PROBLEM STATEMENT: Would you filter the listing below so that only lines with the word "give" remain?

EXTRACTED RECORDS:
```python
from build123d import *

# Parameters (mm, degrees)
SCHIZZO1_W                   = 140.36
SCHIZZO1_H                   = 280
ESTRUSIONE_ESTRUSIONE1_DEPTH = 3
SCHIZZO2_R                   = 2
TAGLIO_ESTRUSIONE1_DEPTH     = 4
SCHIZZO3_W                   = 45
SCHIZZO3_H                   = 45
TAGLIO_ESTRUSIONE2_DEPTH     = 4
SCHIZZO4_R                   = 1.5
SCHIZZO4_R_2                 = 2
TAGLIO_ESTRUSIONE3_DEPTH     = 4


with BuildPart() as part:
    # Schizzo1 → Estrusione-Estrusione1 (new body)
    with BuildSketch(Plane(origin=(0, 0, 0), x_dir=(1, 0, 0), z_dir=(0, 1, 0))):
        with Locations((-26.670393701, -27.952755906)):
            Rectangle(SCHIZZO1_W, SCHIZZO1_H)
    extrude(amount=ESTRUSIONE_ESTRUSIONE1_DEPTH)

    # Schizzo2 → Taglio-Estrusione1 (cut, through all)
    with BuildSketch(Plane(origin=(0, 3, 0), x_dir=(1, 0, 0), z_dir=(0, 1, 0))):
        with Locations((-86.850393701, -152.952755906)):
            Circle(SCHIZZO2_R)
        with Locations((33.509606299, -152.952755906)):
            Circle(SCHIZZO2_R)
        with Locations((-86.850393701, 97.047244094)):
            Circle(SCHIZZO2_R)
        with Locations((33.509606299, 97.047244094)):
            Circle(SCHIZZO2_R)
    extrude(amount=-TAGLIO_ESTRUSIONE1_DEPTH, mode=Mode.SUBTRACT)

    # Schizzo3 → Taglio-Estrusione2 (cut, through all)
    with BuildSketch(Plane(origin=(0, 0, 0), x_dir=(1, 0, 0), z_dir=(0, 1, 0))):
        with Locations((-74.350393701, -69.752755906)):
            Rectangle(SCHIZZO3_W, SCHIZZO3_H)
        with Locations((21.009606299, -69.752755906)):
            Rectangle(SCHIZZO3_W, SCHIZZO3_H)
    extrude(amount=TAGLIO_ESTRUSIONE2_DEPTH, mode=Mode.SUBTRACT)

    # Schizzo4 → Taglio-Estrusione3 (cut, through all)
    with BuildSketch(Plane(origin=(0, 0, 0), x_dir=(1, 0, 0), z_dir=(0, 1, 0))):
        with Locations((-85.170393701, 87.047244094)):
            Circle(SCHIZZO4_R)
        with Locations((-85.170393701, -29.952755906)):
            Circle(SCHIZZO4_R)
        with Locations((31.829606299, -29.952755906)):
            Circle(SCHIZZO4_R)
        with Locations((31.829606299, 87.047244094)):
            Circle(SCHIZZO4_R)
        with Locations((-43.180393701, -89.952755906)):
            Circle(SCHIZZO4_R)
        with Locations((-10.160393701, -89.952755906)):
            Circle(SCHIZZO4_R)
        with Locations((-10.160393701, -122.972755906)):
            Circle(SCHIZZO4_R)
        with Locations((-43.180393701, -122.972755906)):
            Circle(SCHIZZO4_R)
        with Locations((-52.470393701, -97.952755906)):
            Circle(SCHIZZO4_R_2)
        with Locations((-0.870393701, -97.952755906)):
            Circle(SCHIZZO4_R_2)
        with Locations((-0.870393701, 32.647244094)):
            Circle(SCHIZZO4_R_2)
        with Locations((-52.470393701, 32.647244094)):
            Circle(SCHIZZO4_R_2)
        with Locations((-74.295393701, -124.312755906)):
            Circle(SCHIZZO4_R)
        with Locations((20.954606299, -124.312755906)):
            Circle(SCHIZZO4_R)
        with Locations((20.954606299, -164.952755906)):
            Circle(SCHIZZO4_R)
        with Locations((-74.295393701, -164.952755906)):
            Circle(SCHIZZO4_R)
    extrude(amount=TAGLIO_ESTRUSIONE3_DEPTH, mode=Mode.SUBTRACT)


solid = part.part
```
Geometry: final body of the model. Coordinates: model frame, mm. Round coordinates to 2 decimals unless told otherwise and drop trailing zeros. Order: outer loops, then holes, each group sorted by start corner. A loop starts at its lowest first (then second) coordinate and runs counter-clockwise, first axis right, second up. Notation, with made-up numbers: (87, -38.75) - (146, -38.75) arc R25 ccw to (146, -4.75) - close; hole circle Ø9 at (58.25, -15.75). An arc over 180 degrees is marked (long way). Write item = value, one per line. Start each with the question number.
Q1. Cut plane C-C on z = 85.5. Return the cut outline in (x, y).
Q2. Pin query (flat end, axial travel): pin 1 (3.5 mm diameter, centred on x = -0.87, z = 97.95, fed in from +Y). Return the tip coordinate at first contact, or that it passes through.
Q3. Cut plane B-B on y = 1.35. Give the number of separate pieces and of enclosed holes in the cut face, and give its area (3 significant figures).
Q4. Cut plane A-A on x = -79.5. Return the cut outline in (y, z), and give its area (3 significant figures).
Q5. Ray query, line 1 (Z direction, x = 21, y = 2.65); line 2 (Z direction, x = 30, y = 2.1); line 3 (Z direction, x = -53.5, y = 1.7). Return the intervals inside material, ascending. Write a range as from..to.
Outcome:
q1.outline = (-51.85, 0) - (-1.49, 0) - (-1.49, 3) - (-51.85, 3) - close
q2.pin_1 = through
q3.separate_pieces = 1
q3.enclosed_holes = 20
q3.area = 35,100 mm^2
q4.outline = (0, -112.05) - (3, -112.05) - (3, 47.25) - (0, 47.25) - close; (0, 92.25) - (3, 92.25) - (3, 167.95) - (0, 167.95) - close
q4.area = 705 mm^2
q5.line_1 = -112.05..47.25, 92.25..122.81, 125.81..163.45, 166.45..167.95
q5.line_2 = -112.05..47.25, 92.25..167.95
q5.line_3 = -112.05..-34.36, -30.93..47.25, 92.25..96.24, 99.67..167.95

OUTPUT OF THE EXERCISE:
Q3. Cut plane B-B on y = 1.35. Give the number of separate pieces and of enclosed holes in the cut face, and give its area (3 significant figures).
Q4. Cut plane A-A on x = -79.5. Return the cut outline in (y, z), and give its area (3 significant figures).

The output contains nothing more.